**Information provided**.
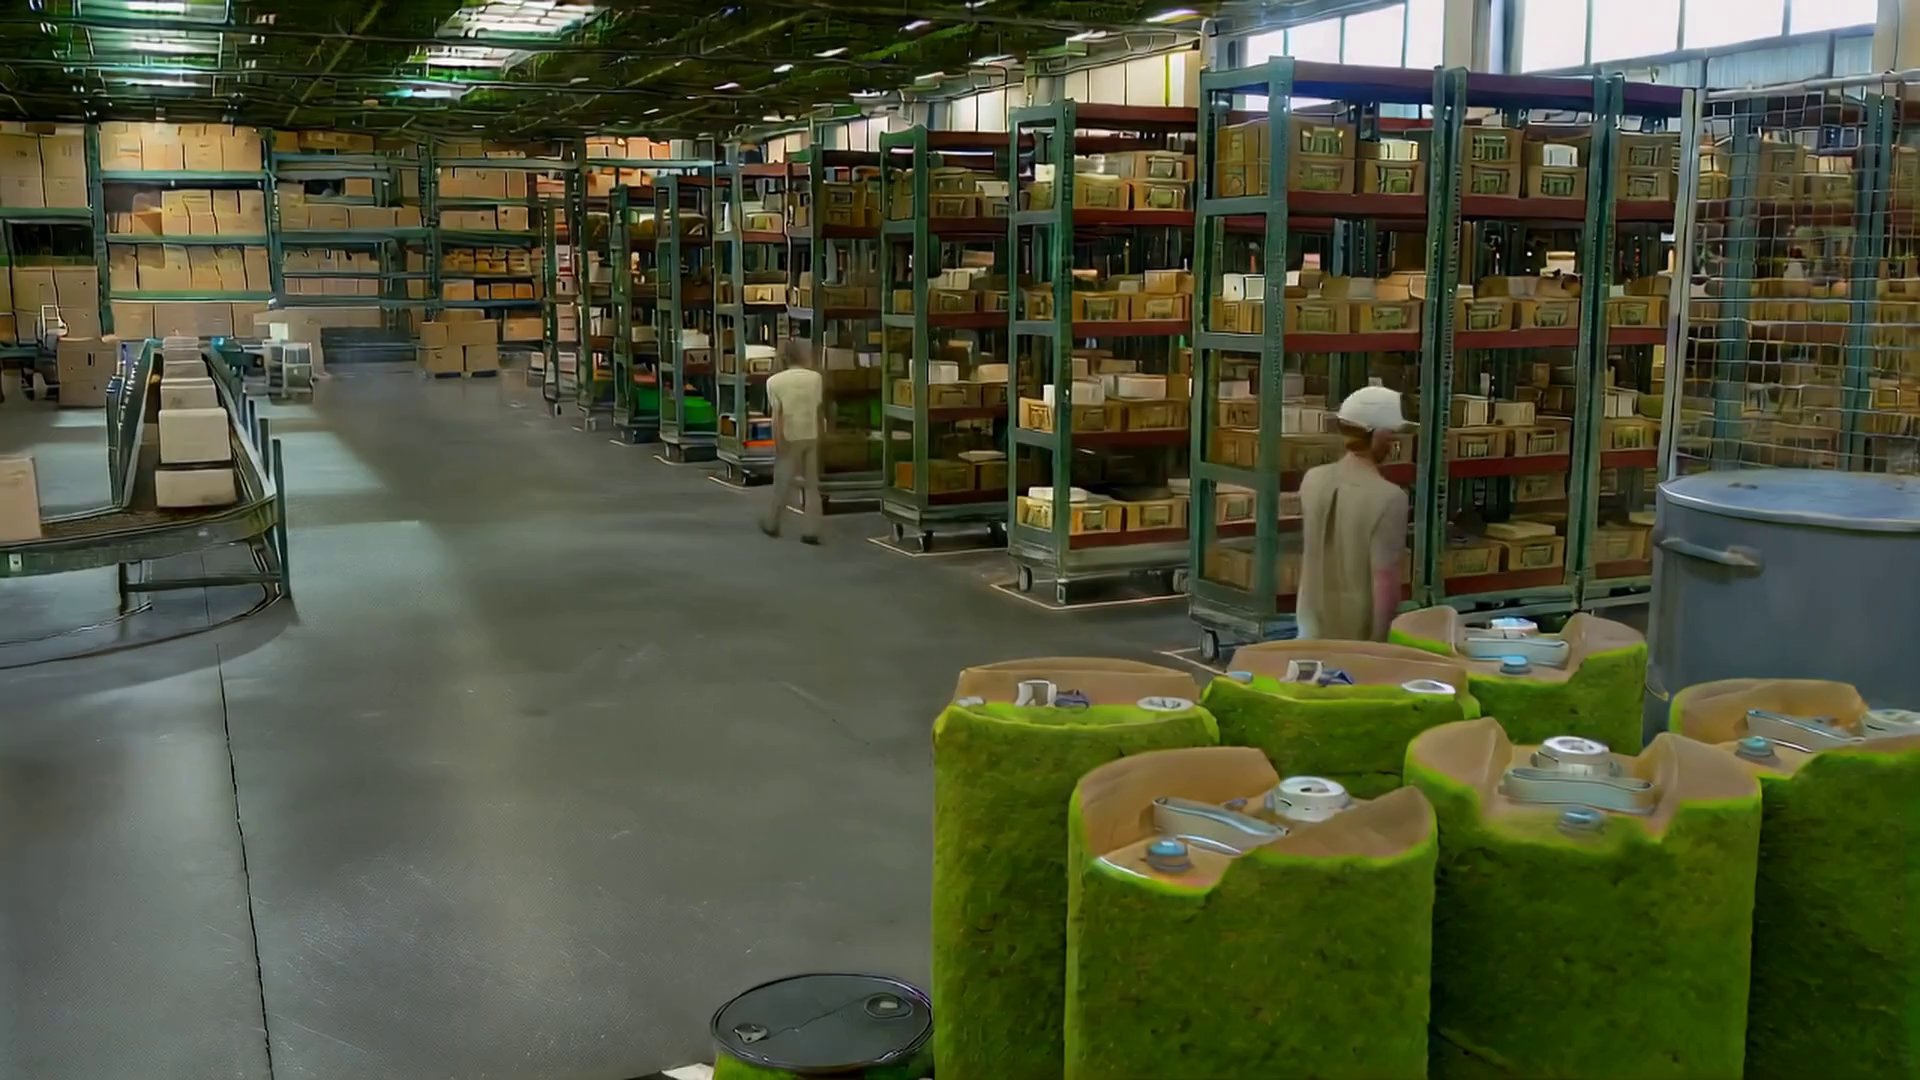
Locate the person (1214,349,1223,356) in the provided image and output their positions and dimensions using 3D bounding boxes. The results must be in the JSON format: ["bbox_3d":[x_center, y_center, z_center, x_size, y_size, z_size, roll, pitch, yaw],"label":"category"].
[{"bbox_3d":[3.450,-2.245,23.245,0.589,1.837,0.404,5,11,30],"label":"person"}]

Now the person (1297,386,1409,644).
[{"bbox_3d":[1.631,0.324,6.998,1.009,1.948,0.610,-7,11,-36],"label":"person"}]

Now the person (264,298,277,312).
[{"bbox_3d":[-17.649,-5.348,42.805,0.495,1.733,0.565,-1,9,-7],"label":"person"}]

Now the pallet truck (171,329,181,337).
[{"bbox_3d":[-17.275,-3.851,35.096,1.601,1.201,0.680,0,9,1],"label":"pallet truck"}]

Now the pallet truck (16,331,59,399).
[{"bbox_3d":[-17.082,-3.353,31.781,1.630,1.274,0.653,-4,10,-25],"label":"pallet truck"}]

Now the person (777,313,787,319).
[{"bbox_3d":[-5.107,-5.961,45.861,0.659,1.972,0.659,6,11,34],"label":"person"}]

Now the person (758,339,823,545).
[{"bbox_3d":[-1.512,-0.883,14.881,0.565,1.802,0.925,-5,11,-30],"label":"person"}]
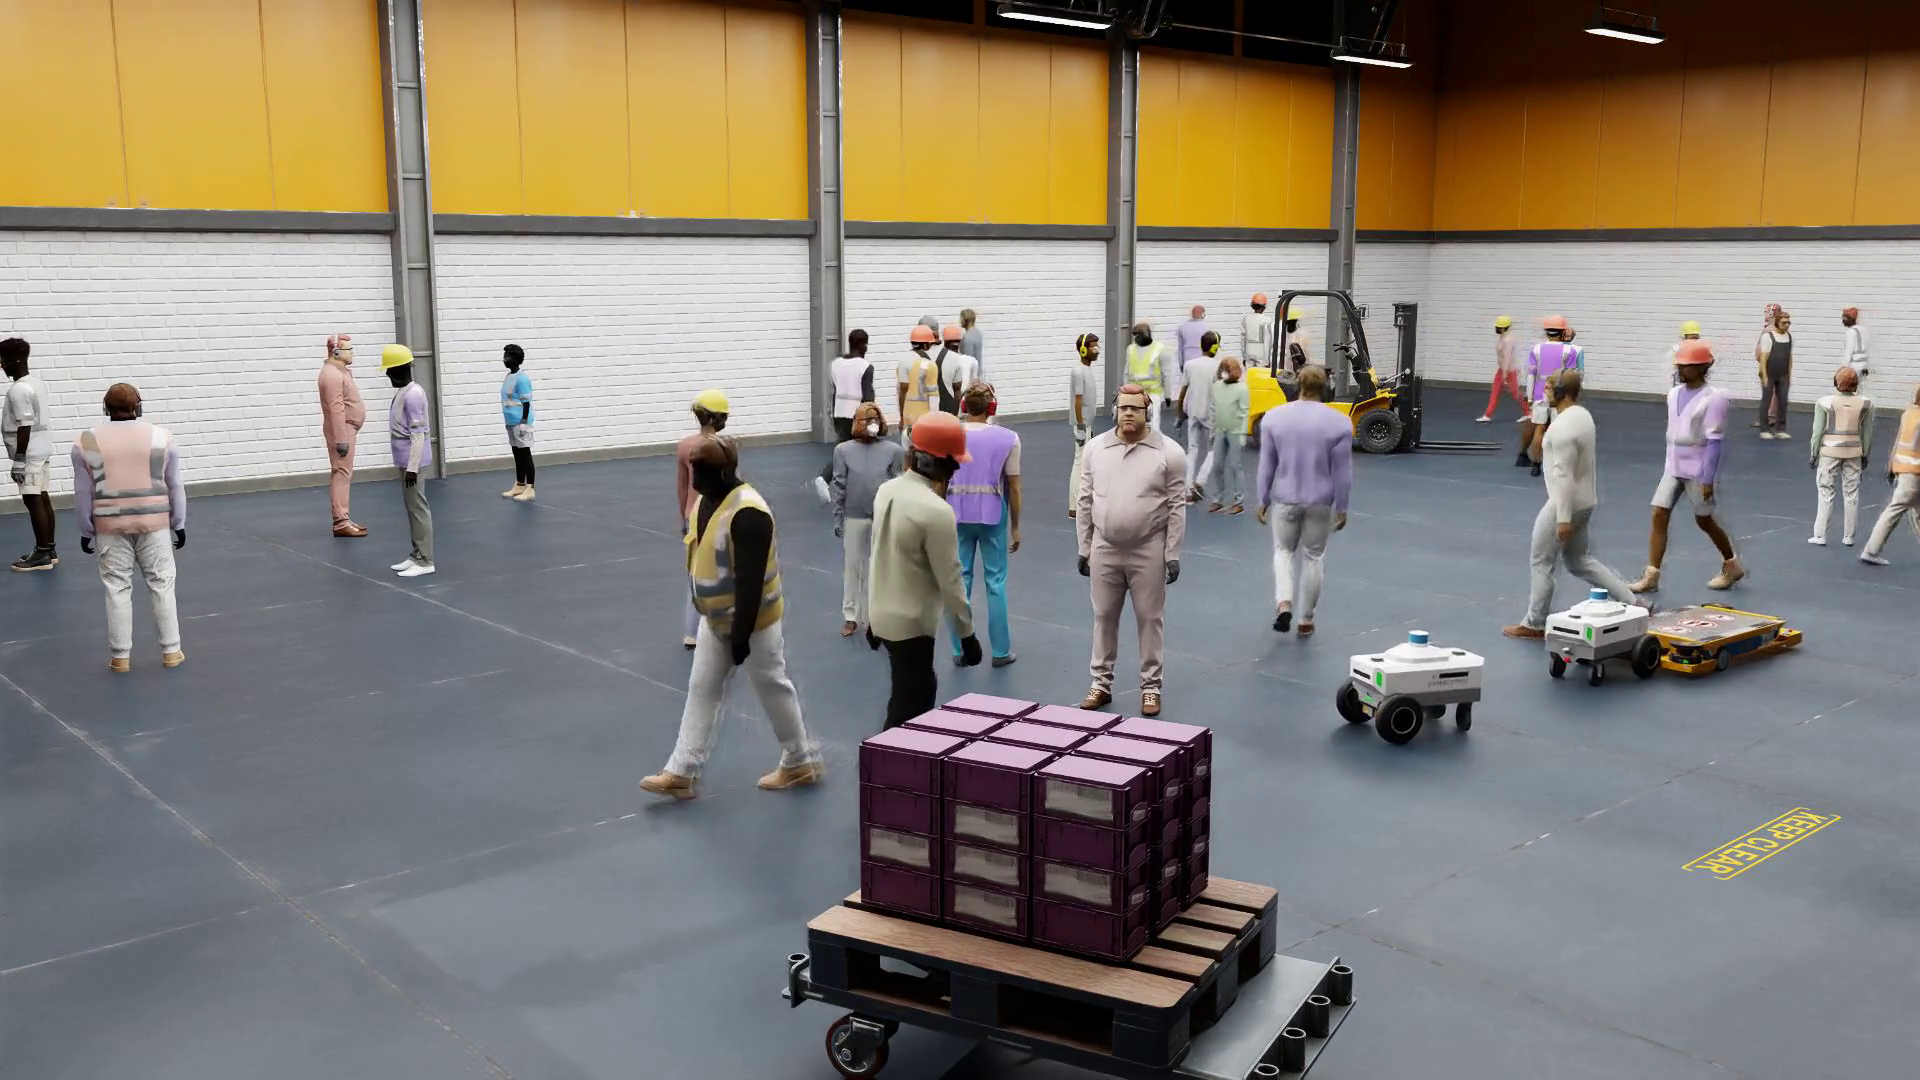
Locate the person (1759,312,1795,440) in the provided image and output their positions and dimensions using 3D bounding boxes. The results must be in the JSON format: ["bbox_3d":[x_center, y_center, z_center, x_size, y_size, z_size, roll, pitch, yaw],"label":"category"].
[{"bbox_3d":[11.758,-2.363,23.961,0.527,1.842,0.373,-1,10,-4],"label":"person"}]

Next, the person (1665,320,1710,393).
[{"bbox_3d":[9.482,-1.936,21.565,0.622,1.801,0.729,0,10,-2],"label":"person"}]

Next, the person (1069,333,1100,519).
[{"bbox_3d":[1.261,-1.141,16.724,0.312,1.869,0.536,2,10,13],"label":"person"}]

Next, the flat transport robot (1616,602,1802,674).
[{"bbox_3d":[4.908,0.634,11.004,1.431,0.197,0.652,-7,12,-37],"label":"flat transport robot"}]

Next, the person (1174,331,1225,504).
[{"bbox_3d":[2.559,-1.294,17.687,0.666,1.845,0.454,6,11,31],"label":"person"}]

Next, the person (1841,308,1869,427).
[{"bbox_3d":[13.772,-2.652,25.621,0.440,1.849,0.620,8,13,40],"label":"person"}]

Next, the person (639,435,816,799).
[{"bbox_3d":[-1.137,0.386,8.000,0.964,1.787,0.642,-7,12,-35],"label":"person"}]

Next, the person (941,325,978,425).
[{"bbox_3d":[-0.071,-1.415,18.282,0.552,1.882,1.001,-4,10,-20],"label":"person"}]

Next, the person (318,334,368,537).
[{"bbox_3d":[-5.811,-0.986,15.705,0.404,1.906,0.651,-3,10,-19],"label":"person"}]

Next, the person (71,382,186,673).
[{"bbox_3d":[-5.270,-0.081,10.596,0.633,1.842,0.429,-5,11,-27],"label":"person"}]

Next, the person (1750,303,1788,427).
[{"bbox_3d":[12.496,-2.694,25.704,0.408,1.908,0.646,8,13,39],"label":"person"}]

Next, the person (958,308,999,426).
[{"bbox_3d":[0.179,-2.284,23.284,0.671,1.922,0.630,2,10,11],"label":"person"}]

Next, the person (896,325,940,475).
[{"bbox_3d":[-0.406,-1.237,17.081,0.547,1.938,0.379,9,13,42],"label":"person"}]

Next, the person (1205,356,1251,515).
[{"bbox_3d":[2.755,-1.077,17.041,0.293,1.631,0.507,-9,13,-43],"label":"person"}]

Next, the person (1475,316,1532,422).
[{"bbox_3d":[8.662,-2.697,26.322,0.882,1.700,0.564,-1,10,-4],"label":"person"}]

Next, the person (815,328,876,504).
[{"bbox_3d":[-1.168,-1.283,17.536,0.598,1.886,0.753,9,13,42],"label":"person"}]

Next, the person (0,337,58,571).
[{"bbox_3d":[-7.856,-0.726,14.015,0.367,1.964,0.603,-3,10,-16],"label":"person"}]

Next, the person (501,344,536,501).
[{"bbox_3d":[-4.785,-1.271,17.984,0.321,1.697,0.529,-7,12,-34],"label":"person"}]

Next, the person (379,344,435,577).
[{"bbox_3d":[-4.559,-0.655,13.735,0.379,1.918,0.585,-4,11,-24],"label":"person"}]

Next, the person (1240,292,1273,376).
[{"bbox_3d":[4.855,-3.003,27.103,0.363,2.048,0.612,-10,14,-44],"label":"person"}]

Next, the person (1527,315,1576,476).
[{"bbox_3d":[7.079,-1.719,19.913,0.551,1.932,0.376,5,11,28],"label":"person"}]

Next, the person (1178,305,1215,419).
[{"bbox_3d":[3.826,-2.899,27.075,0.648,1.860,0.967,5,11,27],"label":"person"}]

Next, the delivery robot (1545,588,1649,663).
[{"bbox_3d":[3.985,0.547,10.404,0.707,0.478,0.477,-8,12,-37],"label":"delivery robot"}]

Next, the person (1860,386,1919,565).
[{"bbox_3d":[8.125,-0.560,14.140,0.878,1.584,0.527,0,10,2],"label":"person"}]

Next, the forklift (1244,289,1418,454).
[{"bbox_3d":[5.034,-2.339,22.783,2.313,2.155,1.214,3,10,16],"label":"forklift"}]

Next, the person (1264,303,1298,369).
[{"bbox_3d":[5.176,-2.866,26.769,0.573,1.886,0.353,5,11,26],"label":"person"}]

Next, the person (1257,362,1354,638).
[{"bbox_3d":[2.370,-0.262,11.429,0.645,1.917,0.478,3,10,17],"label":"person"}]

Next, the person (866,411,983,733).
[{"bbox_3d":[-0.133,0.382,7.608,0.764,1.944,0.631,-5,11,-25],"label":"person"}]

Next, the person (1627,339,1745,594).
[{"bbox_3d":[5.758,-0.568,12.991,1.017,2.007,0.620,-3,10,-17],"label":"person"}]

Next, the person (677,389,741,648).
[{"bbox_3d":[-1.646,-0.125,11.100,0.551,1.765,0.337,7,12,37],"label":"person"}]

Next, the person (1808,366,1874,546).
[{"bbox_3d":[7.998,-0.752,15.116,0.522,1.640,0.306,1,10,7],"label":"person"}]

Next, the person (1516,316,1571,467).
[{"bbox_3d":[7.399,-1.849,20.794,0.912,1.887,0.550,-1,10,-7],"label":"person"}]

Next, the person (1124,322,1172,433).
[{"bbox_3d":[2.442,-1.891,21.333,0.653,1.804,0.703,8,12,38],"label":"person"}]

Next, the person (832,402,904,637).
[{"bbox_3d":[-0.637,-0.142,11.554,0.502,1.636,0.277,-1,10,-4],"label":"person"}]

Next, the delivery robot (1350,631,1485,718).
[{"bbox_3d":[2.541,0.748,9.232,0.707,0.478,0.477,-3,10,-17],"label":"delivery robot"}]

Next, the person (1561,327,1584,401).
[{"bbox_3d":[8.597,-2.210,23.651,0.514,1.640,0.310,6,11,31],"label":"person"}]

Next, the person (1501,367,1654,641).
[{"bbox_3d":[4.199,-0.215,11.230,0.888,1.906,0.634,7,12,34],"label":"person"}]

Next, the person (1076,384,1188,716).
[{"bbox_3d":[0.969,0.057,9.586,0.643,1.913,0.408,3,10,19],"label":"person"}]

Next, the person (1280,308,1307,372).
[{"bbox_3d":[4.847,-2.453,24.380,0.984,1.873,0.607,-3,10,-19],"label":"person"}]

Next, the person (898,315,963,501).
[{"bbox_3d":[-0.338,-1.313,17.226,0.688,2.000,0.536,-3,10,-19],"label":"person"}]

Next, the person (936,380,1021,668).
[{"bbox_3d":[0.107,-0.093,10.651,0.564,1.846,0.393,2,10,11],"label":"person"}]

**What to work on**. Output, unchanged, the lines from the line with "Next, the person (1280,308,1307,372)." through the final line of the material.

**Answer to this task**.
Next, the person (1280,308,1307,372).
[{"bbox_3d":[4.847,-2.453,24.380,0.984,1.873,0.607,-3,10,-19],"label":"person"}]

Next, the person (898,315,963,501).
[{"bbox_3d":[-0.338,-1.313,17.226,0.688,2.000,0.536,-3,10,-19],"label":"person"}]

Next, the person (936,380,1021,668).
[{"bbox_3d":[0.107,-0.093,10.651,0.564,1.846,0.393,2,10,11],"label":"person"}]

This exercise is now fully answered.